白文舒脸色一凝,再次握紧了女人的手,“小夜,我爱你,你知道的。我怎么可能会爱上自己的哥哥呢?”
“不要再骗自己了,如果爱的话,就勇敢去爱吧。”女人脸上带着暖暖的微笑,“一直以来,我都在想,要不要告诉你。每天晚上,你都会看着阿武的照片发呆,每个夜晚,你都会轻轻唤出阿武的名字。”
“我不知道为什么你会故意装作排斥阿武的样子,甚至故意摆出想要杀死他的样子。但是,其实你是爱他的吧。”陶语夜笑了,淡淡的,靠在床上,望着床边的阿武的照片的发呆。白文舒看着发呆的女人,终是没有说话。
三月天,阴沉了一季的天空也开始明亮了起来,陶语夜坐在院子里,看着天空发呆。
“喂,不要坐在我的椅子上。”很稚嫩的声音响起,带着强烈的领地被入侵后的不满。
陶语夜看着面前有些骄纵的尖锐的小孩子,愣愣地有些发呆。和父亲一起来白家玩,双方家长谈得太欢,以致于忽略了自己。于是便来这里玩玩,刚坐下,便被人轰走了么?
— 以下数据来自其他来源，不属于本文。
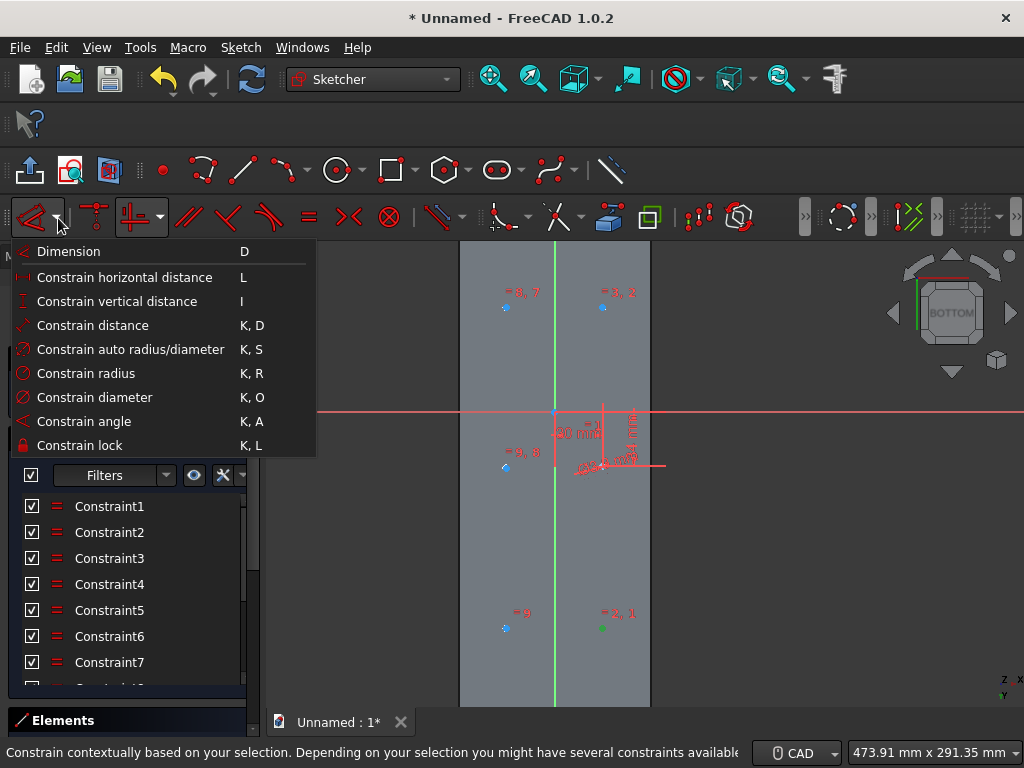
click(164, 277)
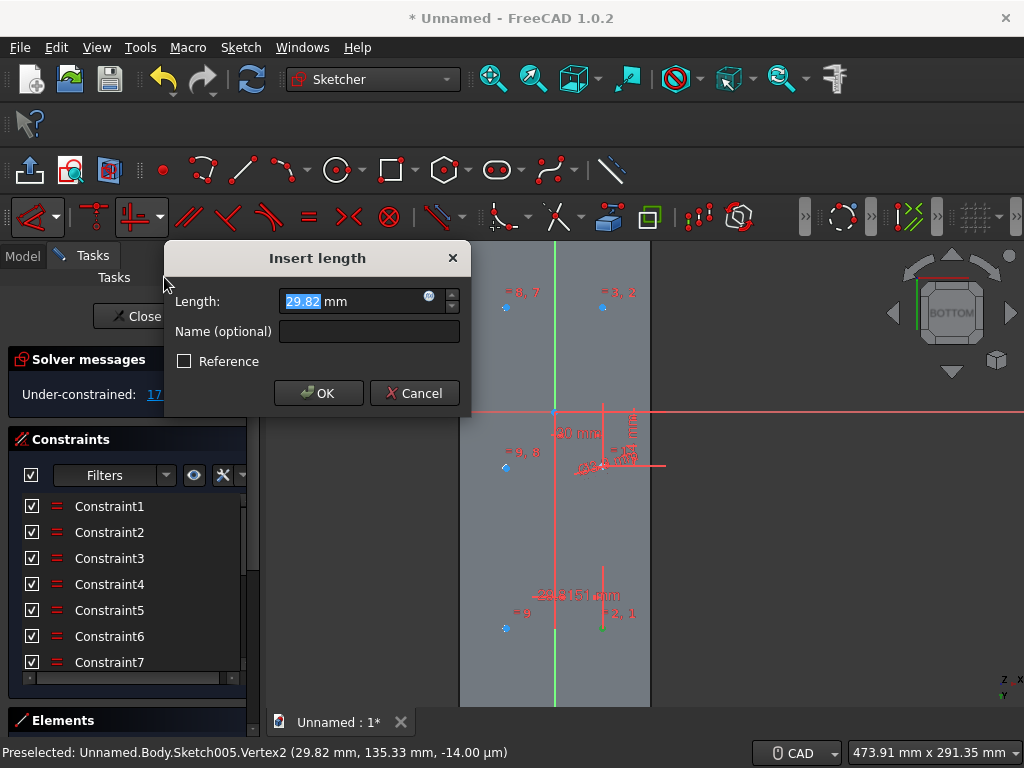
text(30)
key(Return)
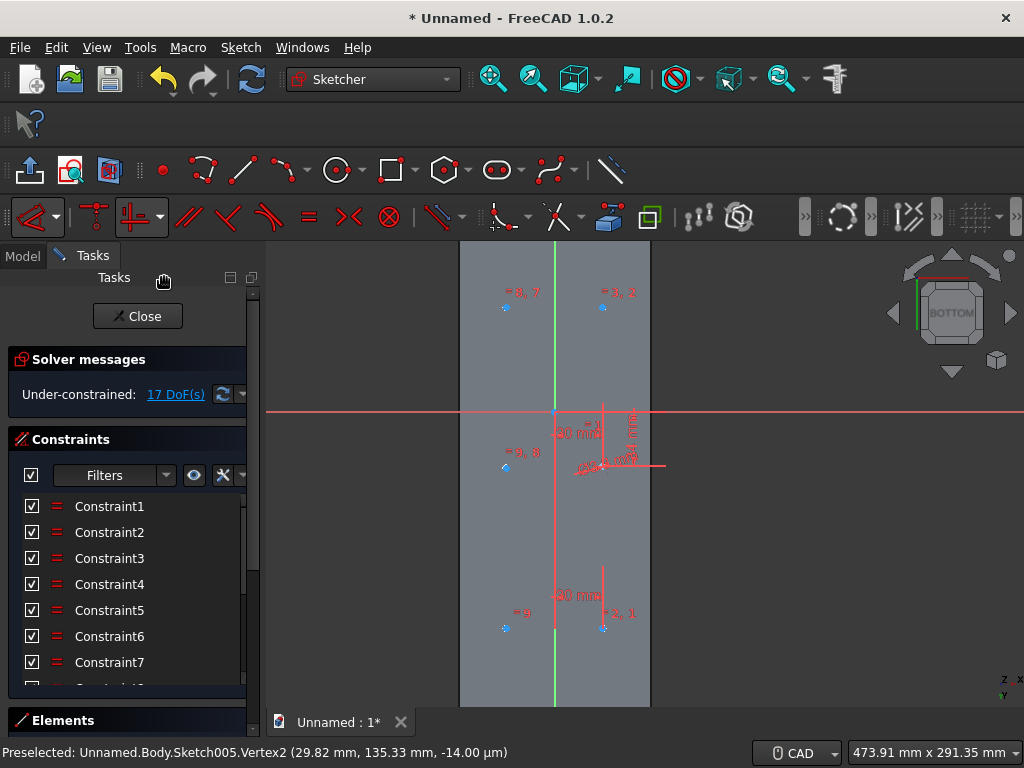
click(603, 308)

“不要!”一向在家都是被宠着的陶语夜当然不会谦让,直接了断地拒绝。
尖锐的小孩看见更尖锐的小孩,只是鼓着那双大大眼睛,极不友善地瞪着她。陶语夜像没看到似的,继续坐在椅子上。
“哇……”巨大的哭嚎声响起。面前的小男孩开始哭得一塌糊涂,边哭边抱着自己的小熊喊“妈妈”。陶语夜被眼前的小男孩弄得有些发呆了,是的,明明对方是男孩子,为嘛还会哭得这么伤心。男孩的哭号马上便引来了院里的佣人,以及一个稍微比他年长的些的大哥哥。
“她欺负我!她欺负我!”男孩子哇哇地哭嚎着,控诉着。大哥哥轻声哄着男孩子,拭去对方脸上的泪水,“乖,小舒,不哭。”陶语夜第一次看见这么温暖的人,就像自己的奶奶一般温柔慈爱,那时候,阳光正好,暖暖地铺满了一地。温柔的大哥哥终于将小孩哄得不哭了,牵起小孩的手。
“不好意思,小舒还不懂事。”对方有些抱歉地说着,看着正在发呆的陶语夜。
陶语夜看着面前温柔的小哥哥,有些发呆。
叫做小舒的男孩子小哥哥不注意,对着陶语夜吐了吐舌头,比了一个“丑八怪”的口型。小哥哥还是温暖地笑,递给陶语夜一个棒棒糖,“给你。”说完,牵着小孩离开。
对于白家兄弟的记忆,是从那一刻开始的。无论什么时候都带着温暖和煦微笑的哥哥,总是带着一副不爽表情的不羁叛逆少年弟弟。舞会,酒宴,甚至各大节假日两家人都会聚在一起。三个小孩子做着幼稚的事情,说着幼稚的话。温暖的白家哥哥总是微笑,有时候,陶语夜会觉得,这样总是摆着一个表情,会不会好累。叛逆的弟弟总是说着挖苦自己的话,扯自己的小辫,故意把自己惹哭,然后在一边坏坏地笑。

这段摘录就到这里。